Henry Hart lists 13 works that absolutely, positively should be included in any post-WWII anthology of American literature. (He also explains why one didn't make it.)
  • Death of a Salesman. Arthur Miller’s classic play about the tragic consequences of the American dream (and especially the dream of financial success).
  • “The Quaker Graveyard in Nantucket.” Robert Lowell’s allegorical poem in which Captain Ahab plays the role of a violent America that will stop at nothing to achieve its goals.
  • “A Good Man is Hard to Find.” Flannery O’Connor’s story set in the South that juxtaposes grace and violent crime.
  • “Howl.” Allen Ginsberg’s poem about the American counterculture—its visionary quests and mad excesses—before it officially became the counterculture of the 1960s.
  • “The Swimmer.” John Cheever’s short story that documents the epic journey of a suburban American that turns out to be a kind of alcoholic delusion.
  • “Daddy.” Sylvia Plath’s playful, but ultimately vociferous assault on the patriarchal tradition represented by her father and her famous husband, Ted Hughes.
  • “Diving into the Wreck.” Adrienne Rich’s examination of feminine myths, the destruction they have caused in the past, and the need to revise them.
  • A Streetcar Named Desire.

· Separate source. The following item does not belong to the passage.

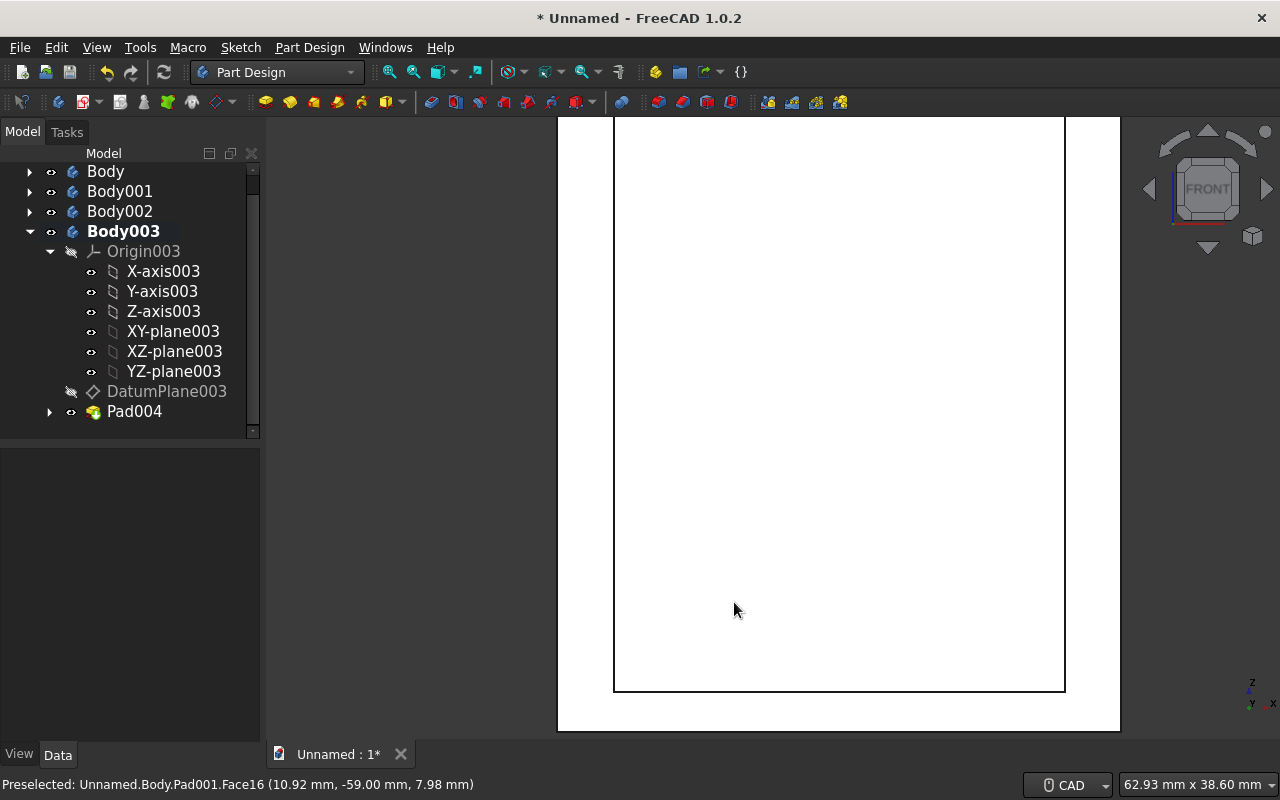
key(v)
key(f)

Tennessee Williams’s ferocious drama set in New Orleans that centers on the dreamy, neurotic Blanche DuBois and the hard-hitting realist Stanley Kowalski. (I included and wrote about this play, and then was told, as I remember, that Norton had the rights to the play and therefore I couldn’t include it. So, instead, I included Williams’s The Glass Menagerie.)
  •  “I Have a Dream.” Martin Luther King’s stirring speech that urges all Americans to abide by their country’s foundational principles of freedom and justice for all.
  • Angels in America. Tony Kushner’s controversial play dealing with AIDS and many other aspects of 1980s America.
  • “Sonny’s Blues.” James Baldwin story that recounts the different ways two African-American brothers cope with racism.
  • “The Things They Carried.” Tim O’Brien’s candid story about the realities of the Vietnam War.
  • “Saint Marie.” Louise Erdrich’s tale of a young woman’s conflict between her Native American community and Christian obsessions.